I'll stick my neck out and say that I think the personal assistant thing will be a flub, like Ping. It's not the idea which is a problem- it's a fine idea, but that the implementation is too brittle and has many integration difficulties. I think Norman Winosky has been overstating its capabilities, and he's been out of the product loop for a while now. You can learn about some of their thinking here.
On disintermediating Google.

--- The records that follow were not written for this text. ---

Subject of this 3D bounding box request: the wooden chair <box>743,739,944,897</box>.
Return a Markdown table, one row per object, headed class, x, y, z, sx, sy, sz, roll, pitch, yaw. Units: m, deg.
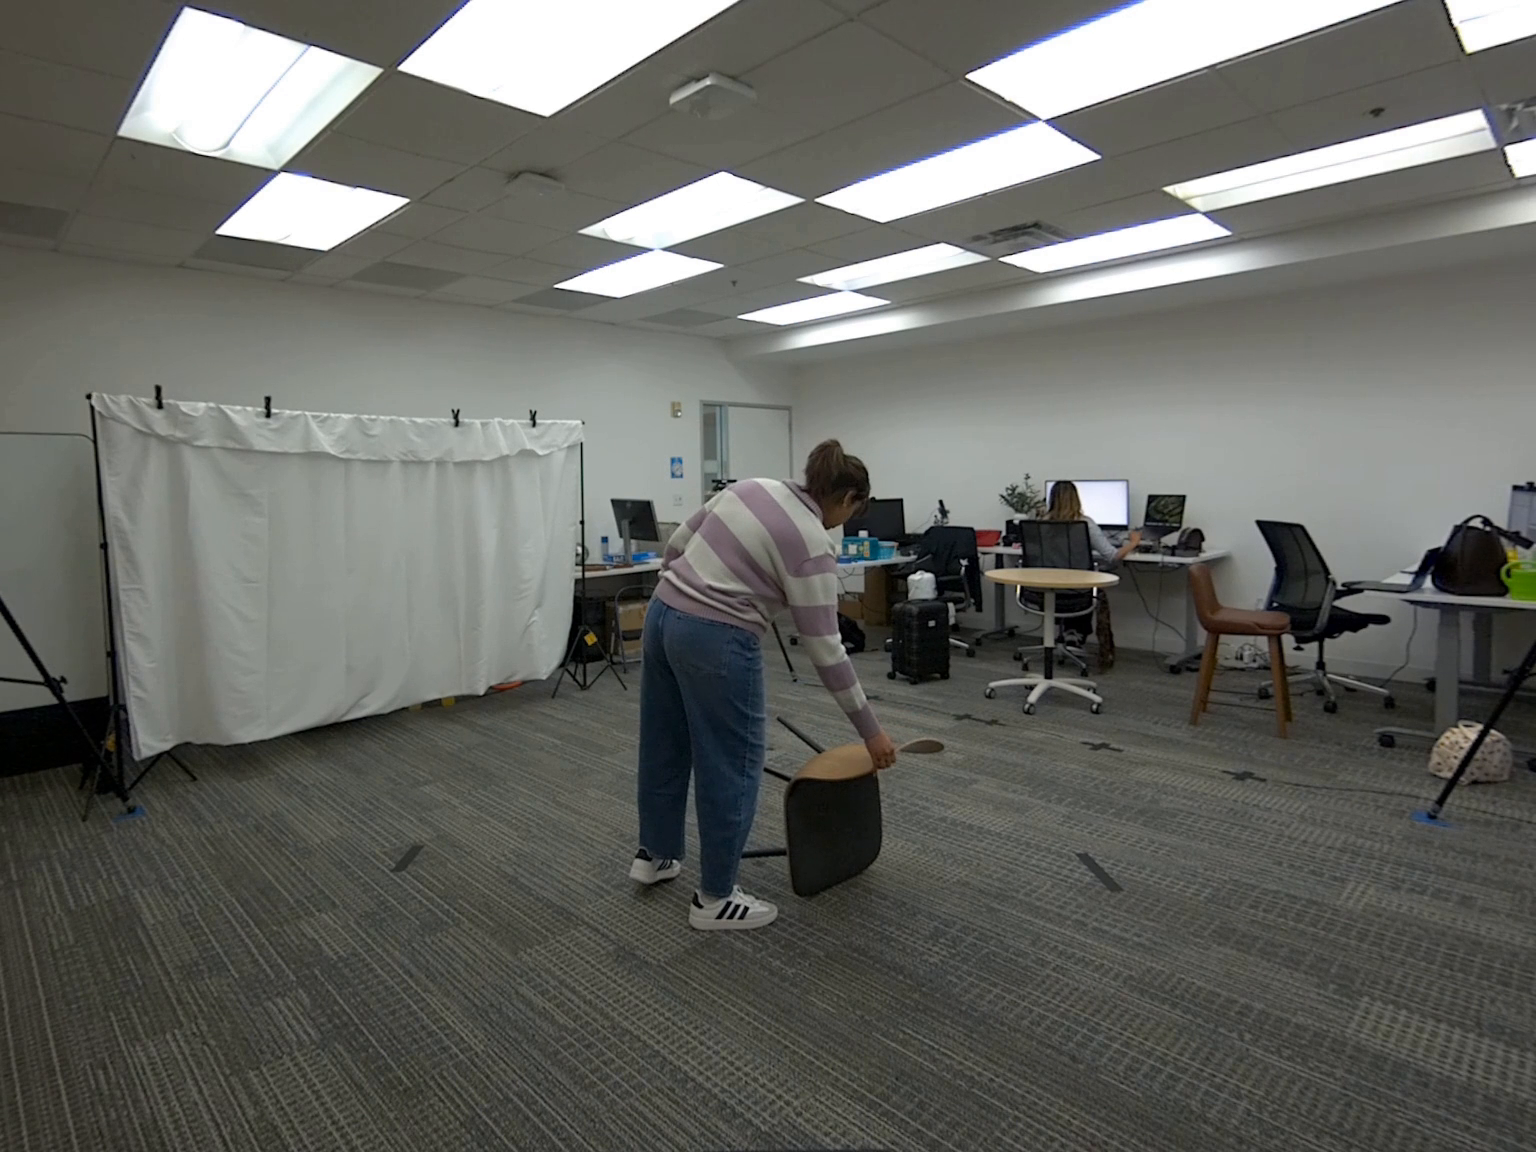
| class | x | y | z | sx | sy | sz | roll | pitch | yaw |
| --- | --- | --- | --- | --- | --- | --- | --- | --- | --- |
| wooden chair | 0.203 | 0.808 | 2.954 | 0.465 | 0.524 | 0.899 | -4 | -2 | -43 |
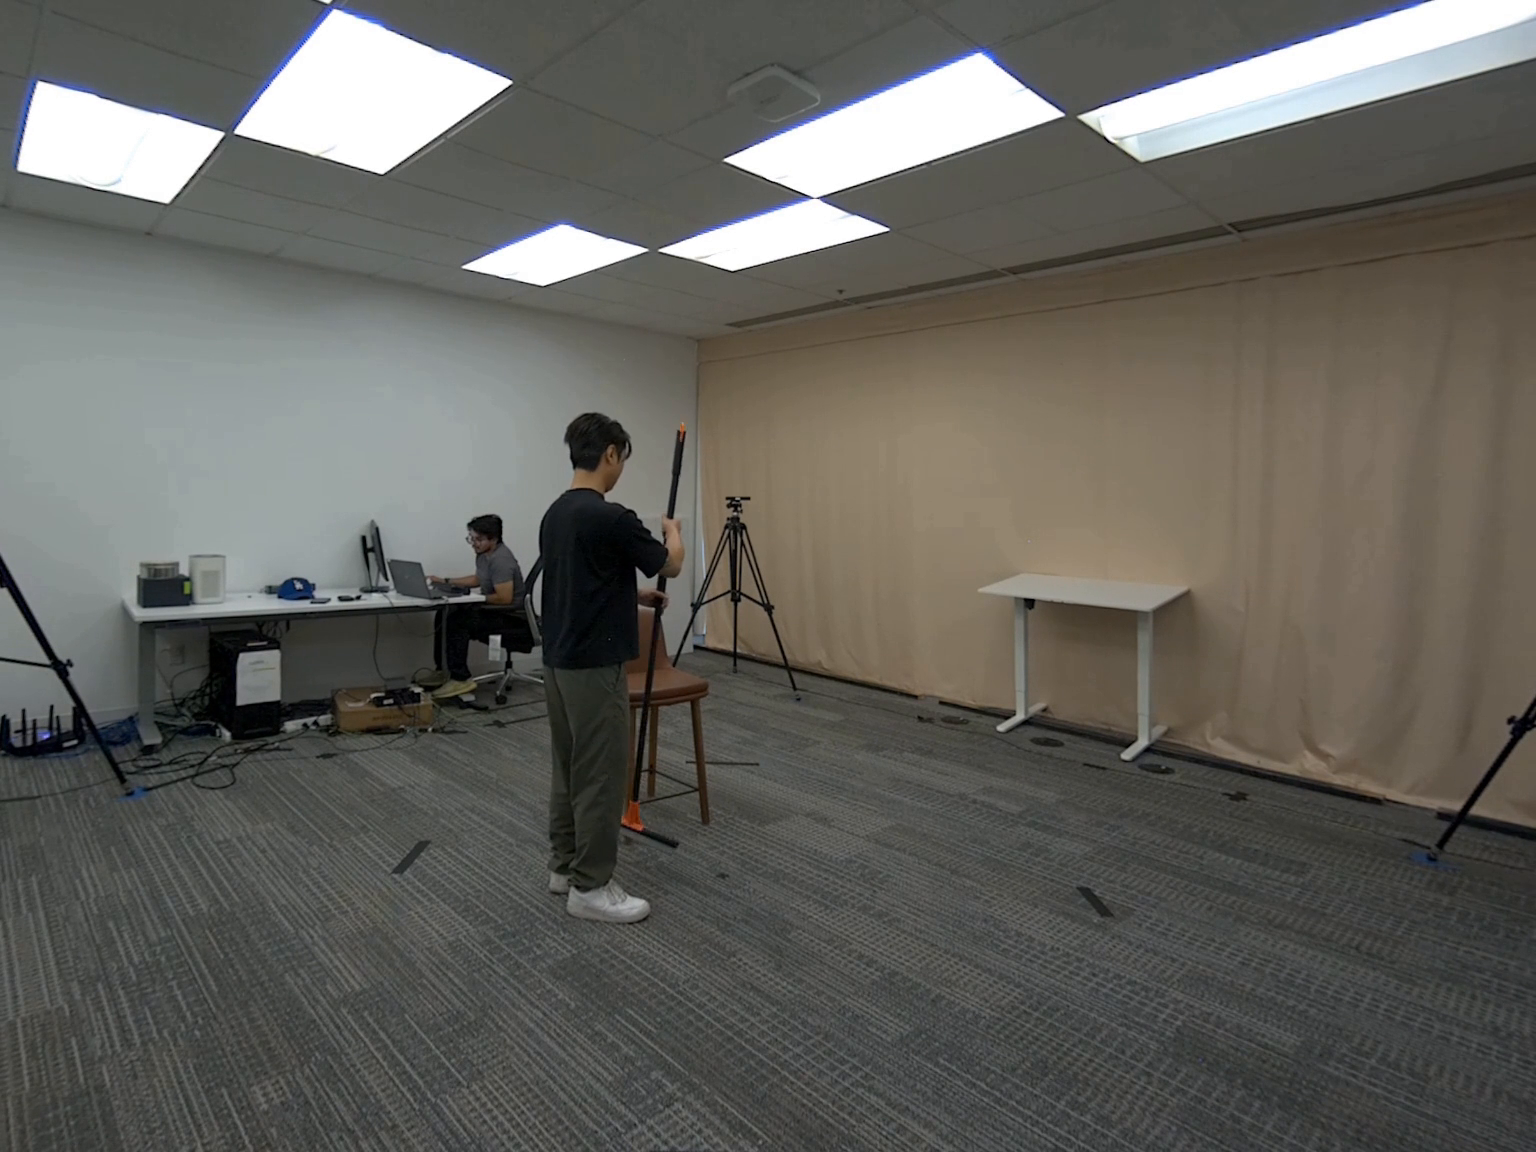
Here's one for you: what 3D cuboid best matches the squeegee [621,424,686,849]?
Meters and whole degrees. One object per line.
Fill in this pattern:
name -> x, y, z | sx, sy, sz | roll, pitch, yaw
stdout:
squeegee -> -0.423, 0.211, 3.117 | 0.448, 1.537, 0.052 | 8, 1, 33

Apple has shown little capability in the mass data sphere (social, advertising) preferring scaled versions of curatorship like the app store approvals process. I expect them to continue this: speech on the iPhone will give you access to a small number of services rather than the web in general. Though they do have jobs advertising for, "Demonstrated experience with Nuance Recognizer, IBM WebSphere Voice, Google Voice, or similar voice search tool". That last bit is a bit mixed up, but let's assume they mean Google Voice Search. Perhaps in a future version.